Here's the Amazon link: https://www.amazon.com/Rage-Reason-relentless-critique-Bible-ebook/dp/B08S3KJQY8

Rarebit Fiend said...

@Oz- Yeah, both the picture and fragment are from Blake. I don't think Crowley's teachings turned me into a Christ but I do think about "What Would Jesus Do" pretty often in a nonironic way nowadays in a manner my younger self couldn't. I admire the hell out of Christ and occasionally pray for a Nag-Hamadi-style recovery of the Q Document. As Crowley says in "Masks of the Illuminati:"

"An Old Woman asked 'what do you think of Christ?'

Crowley replied 'I don't blame him at all.'"

Rabbi Yeshua ben Yosef was a solid dude. I fear I have become Heterodox in the way others are Orthodox and despise them for blasphemy as much as they could despise me. "You're getting Bond WRONG!!"-Alan Partridge

I talked to my kids about Little Richard and Led Zeppelin today.

@Tom- Thank you, that was probably close to or what I was thinking about.

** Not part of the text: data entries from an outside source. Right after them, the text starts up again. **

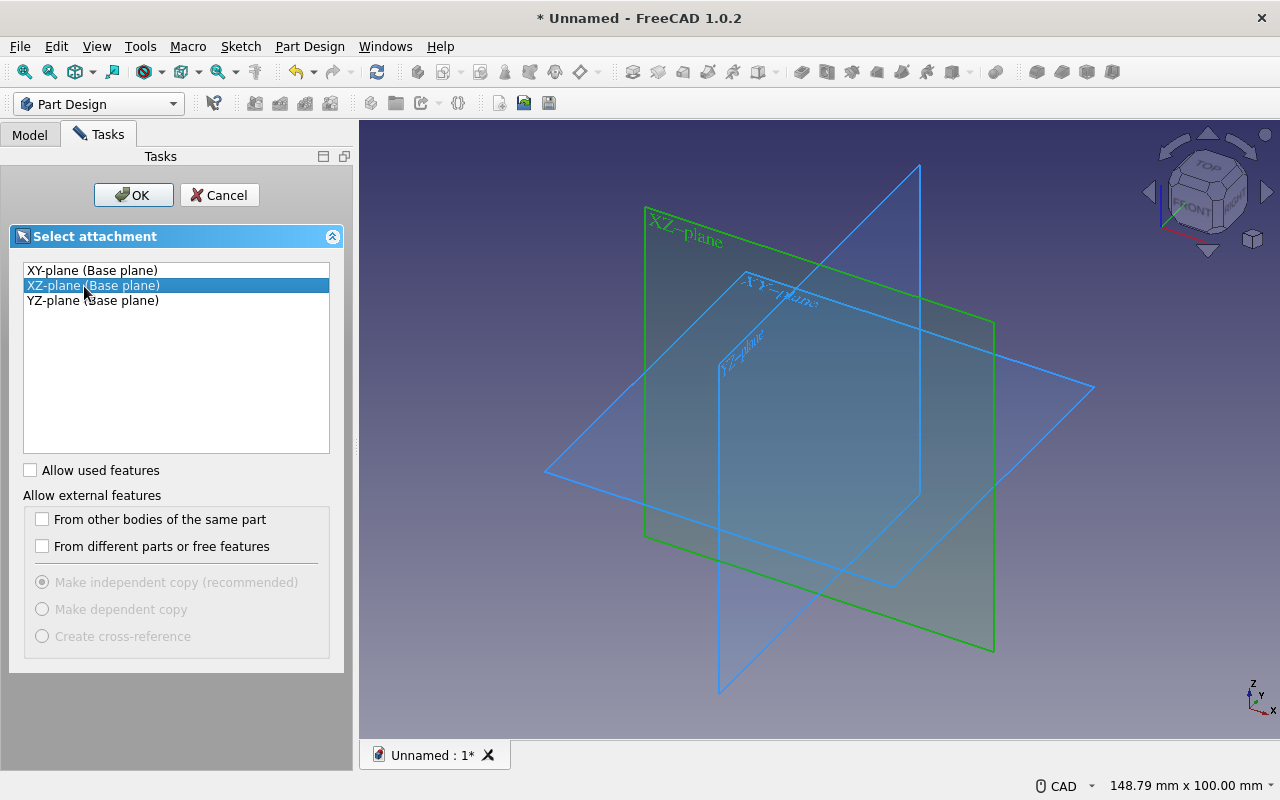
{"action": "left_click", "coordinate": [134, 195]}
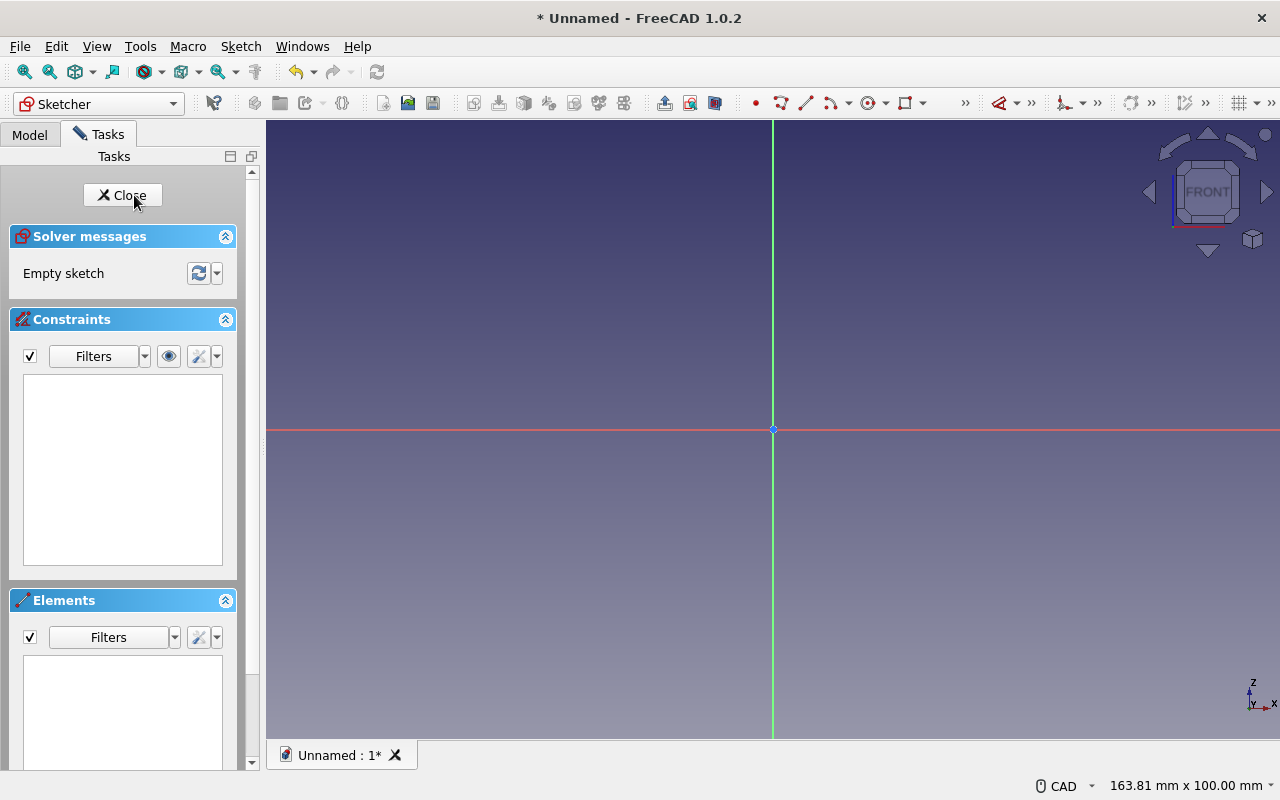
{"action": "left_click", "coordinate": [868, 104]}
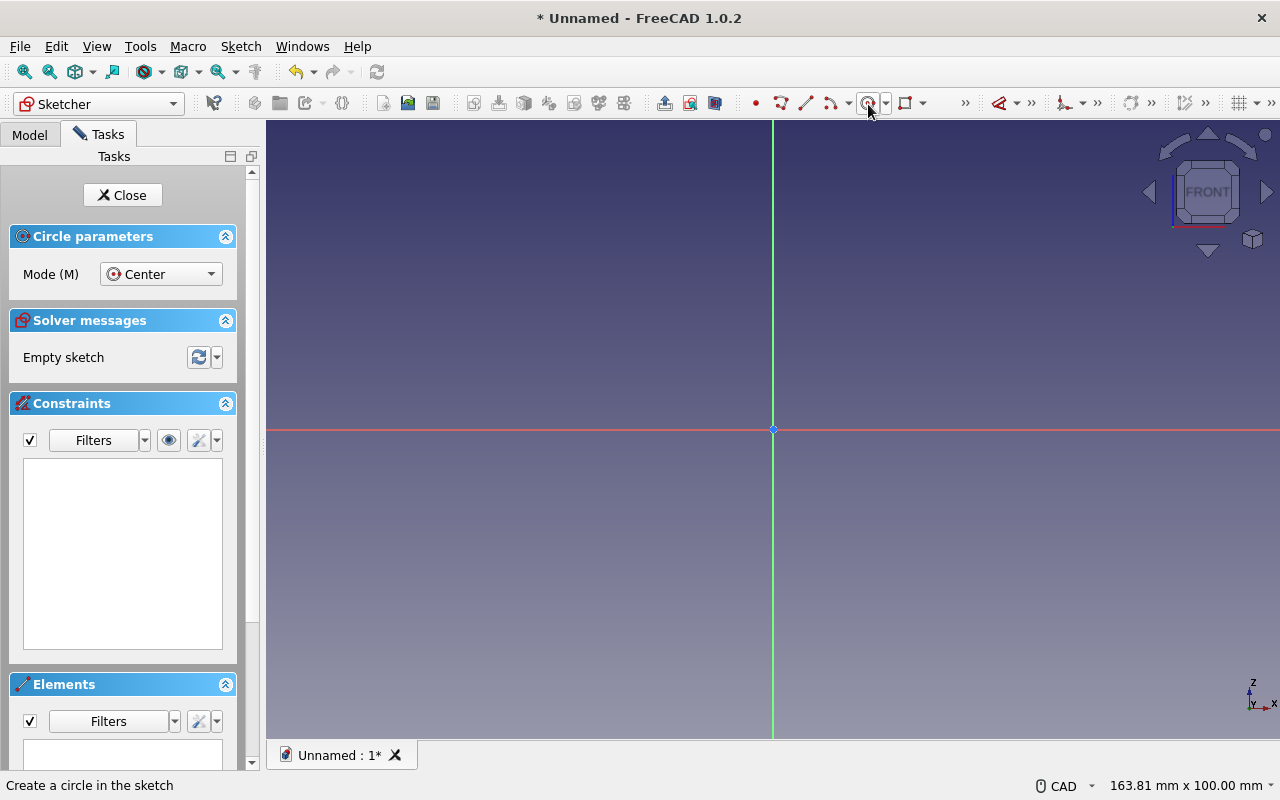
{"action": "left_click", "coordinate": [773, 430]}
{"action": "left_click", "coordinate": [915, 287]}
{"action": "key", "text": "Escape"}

I need to reread the second and third Cosmic Trigger.

@Rasa- I've read a little of the book this evening and I keep thinking of the Phil Spector-waving-a-gun-in-the-studio produced majesty of Leonard Cohen's insightful (with backup from Dylan and Ginsberg): "Don't Go Home With Your Hard On." I'll probably buy the entire book. However I really love the Bible and count it as one of my favorite books. I like that fucky kind of stuff.

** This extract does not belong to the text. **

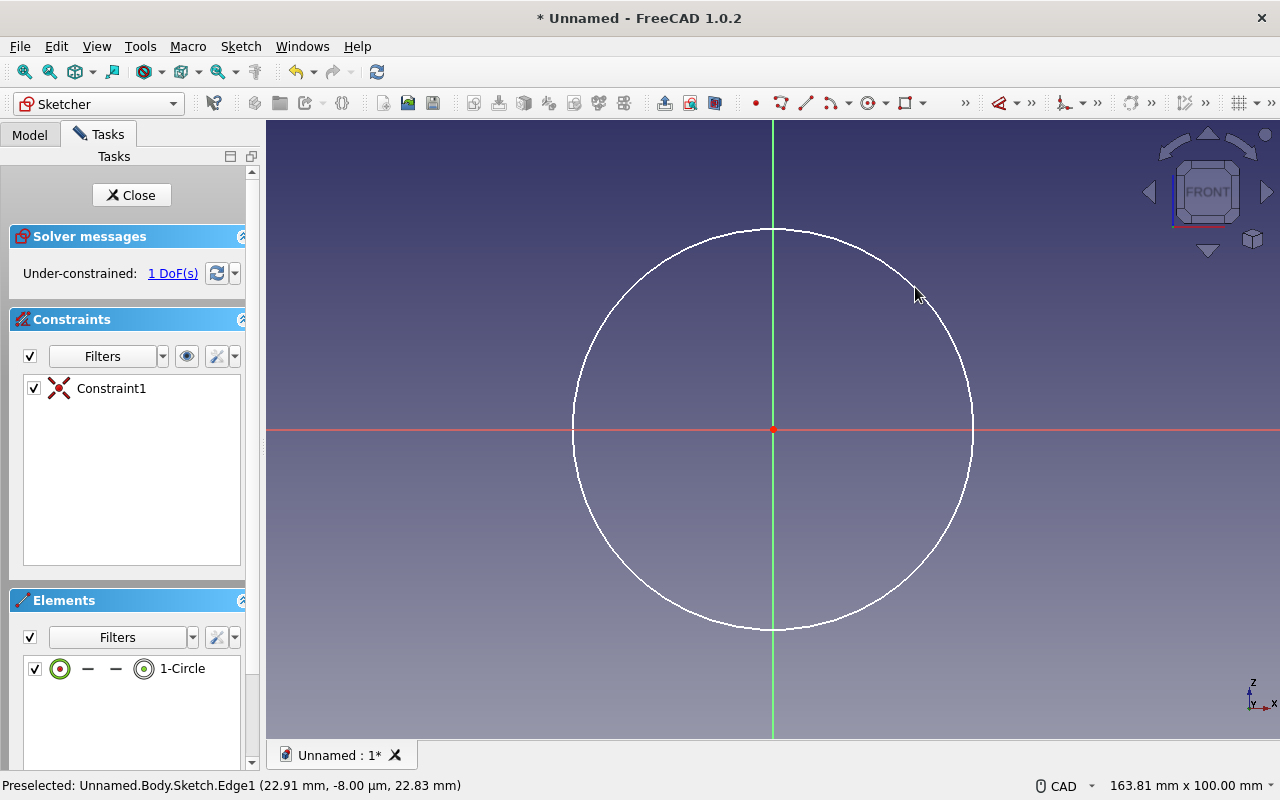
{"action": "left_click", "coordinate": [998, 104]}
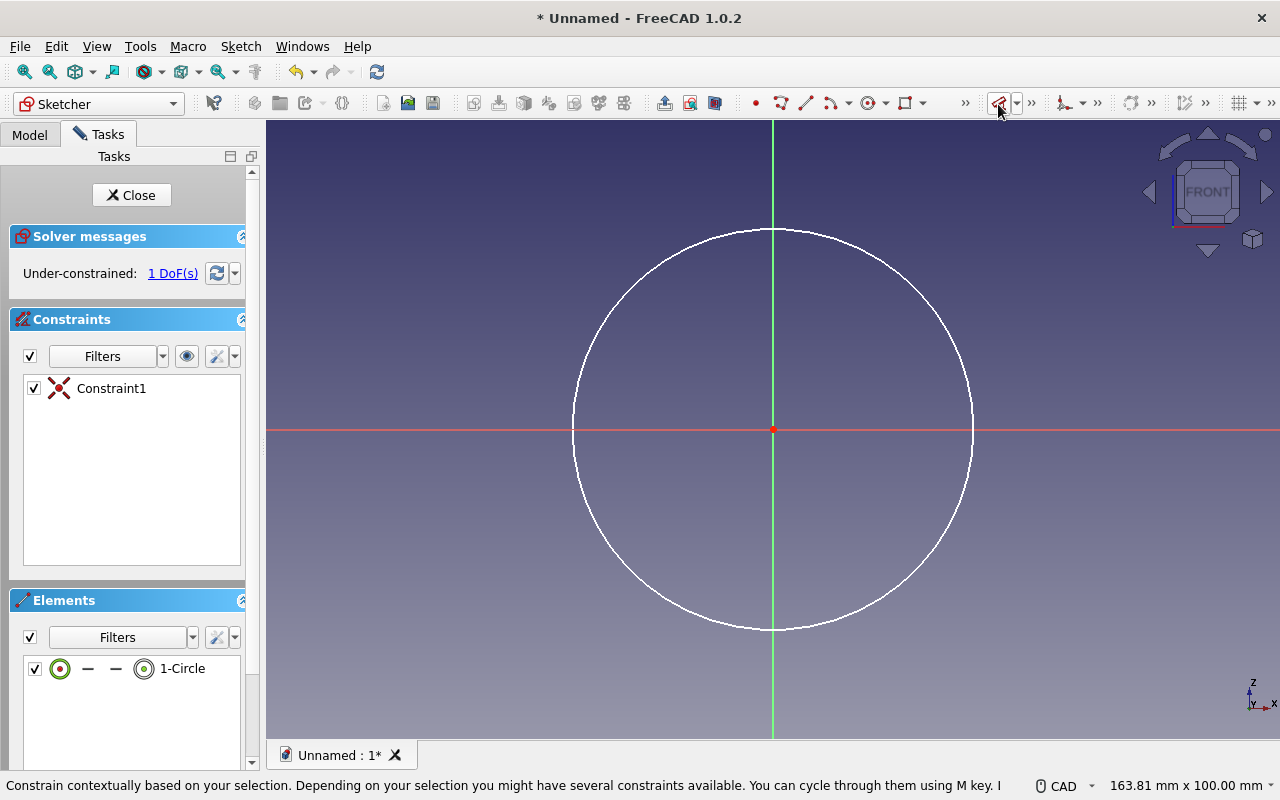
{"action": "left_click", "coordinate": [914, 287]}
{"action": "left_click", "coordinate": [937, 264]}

@Everyone: You're getting God Wrong.

BFHN said...

Being born in a secular country, within a family where religion was mostly non-existant and that politically could be described as veering towards "humanism", I really did not have much to rebel against. As a teenager I did enjoy Kurt Cobain's assertion that "God is gay", but there was no real anger from my part in it, and I wasn't offending anyone around by repeating it.
So perhaps it was inevitable that the only thing left for me to reject was rationality's self-righteousness?

Far from me the idea of defending organized religions, but maybe it is good to have something strong as a youngster to be confronted to and reject, as a sort of springboard for one's inner life. I dunno.

One thing's for sure, though :
https://www.youtube.com/watch?v=JNR4PHyvXeQ

Oz Fritz said...

@Rarebit, thank-you for the reply. I can't remember which book of the Apocrypha I heard this origin story. Apparently the 3 Wise Entities were trudging across Central Asia following the Star guiding the way to meet homeboy. One of them stubbed his toe on a rock and screamed "Jeeesus Christ!!!" Another one said, "hey, what a great name for the kid."